Наконец она объявила Шелли, что рассказ почти сочинен, и утром, схватив чистый лист, написала первое предложение: «Это было ненастной ноябрьской ночью». И затем Мери воспроизвела во всех подробностях свой ужасный сон наяву. Сначала она думала уместить рассказ на нескольких страницах, но обрадованный Шелли убедил ее развивать дальше найденную идею. С помощью Шелли она навела справки о Франкенштейнах. Род немецких баронов восходил к Х веку. Был славным и имел достойную историю. Но правду говорят, что дурная слава опережает добрую – недаром самым знаменитым из их рода стал Йохан Конрад Диппель фон Франкенштейн. Он окончил Страсбургский университет. Еще будучи студентом увлекся идеей раскрыть тайну бессмертия. Но в средневековье, мягко говоря, с большим подозрением относились к людям, выкапывающим на кладбище трупы, чтобы производить над ними опыты. Йохану пришлось бежать из Страсбурга в родную Германию, где он стал практиковать как врач. Вскоре он приобрел известность, разбогател и построил в своем родовом замке прекрасно оборудованную лабораторию. За свои изыскания он часто подвергался гонениям. Его смерть покрыта тайной так же, как и его жизнь. По одним источникам он однажды просто исчез, по другим – был найден мертвым в своей лаборатории. Предположили, что он умер от отравления, производя очередной опыт. Произошло это в начале XVIII века. Итак, герой был найден, оставалось перенести его в современные условия, в век XIX.

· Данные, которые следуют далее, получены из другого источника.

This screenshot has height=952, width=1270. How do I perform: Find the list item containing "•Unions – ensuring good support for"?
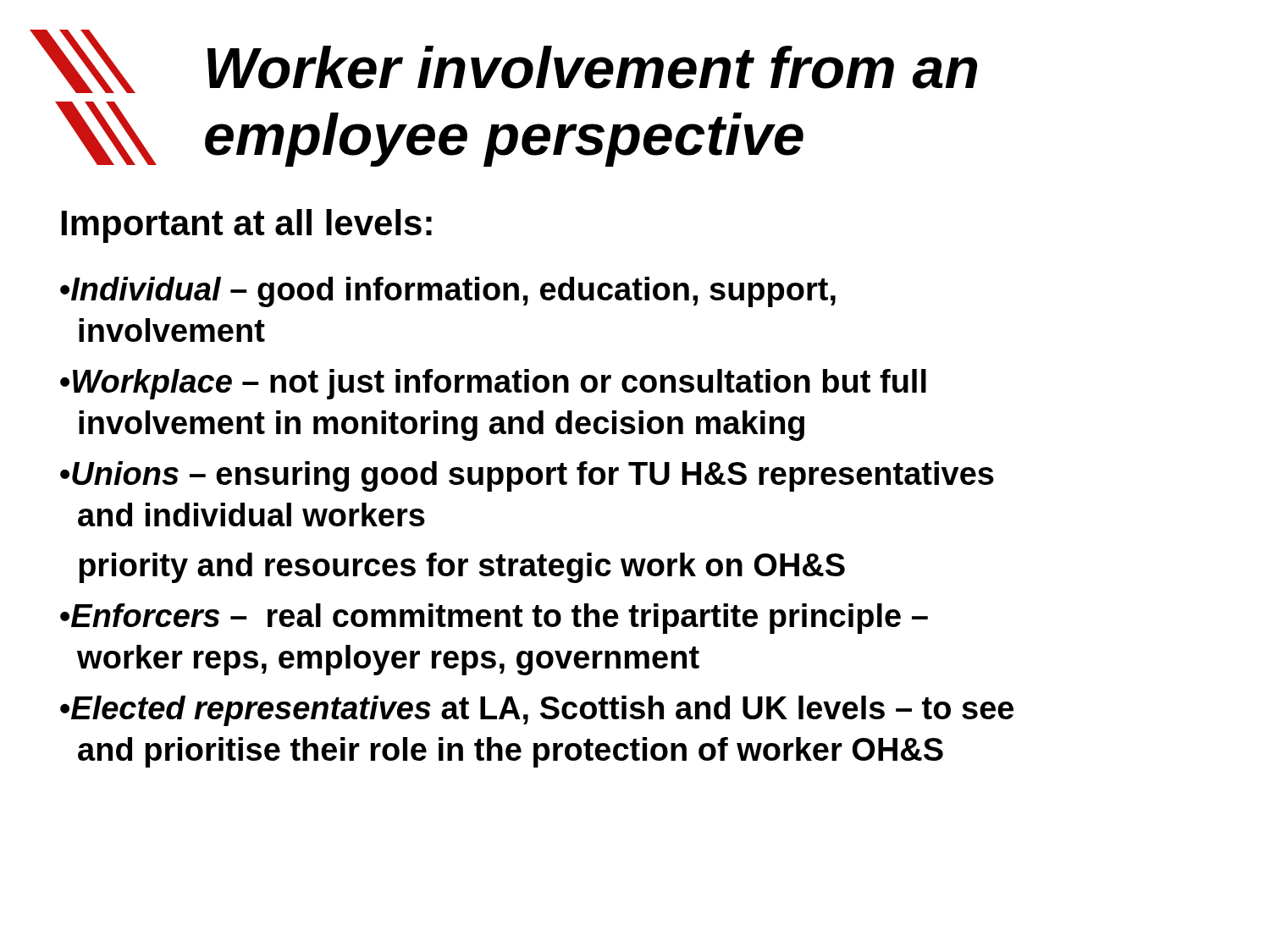[527, 494]

«Я обязана этим изысканием мужу и настойчивым уговорам продолжить работу. Если бы не Перси, этот роман не увидел бы света в своей окончательной форме».

События романа описываются несколькими рассказчиками. Начинается он с писем некоего Роберта Уолтона своей сестре Маргарет. Уолтон пишет ей из России, где набирает команду, чтобы отправиться к Полярному кругу, дабы облагодетельствовать человечество новыми открытиями. На этом рискованном пути его ждут две необыкновенные встречи – вначале мимо них в санях проносится загадочное чудовище, а потом они поднимают на борт тяжело больного человека. Это был Виктор Франкенштейн, который и рассказывает свою трагическую историю. Франкенштейн – талантливый химик и естествоиспытатель. Еще в школьные годы в Женеве он занимался поисками философского камня и эликсира жизни. Виктор штудировал труды средневековых ученых, а после окончания школы уехал в знаменитый университетский городок Ингольштадт и успешно поступил на первый курс биологического отделения. Ему удалось открыть величайшую тайну природы – он создает существо, наделенное необычайным размером и силой. Однако оно оказывается настолько безобразным, что Франкенштейн в ужасе отшатывается от него, надеясь, что едва затеплившаяся жизнь угаснет сама собой. Тяжело пережив первый шок, Виктор выздоравливает и на время возвращается в свой родовой замок подле Женевы.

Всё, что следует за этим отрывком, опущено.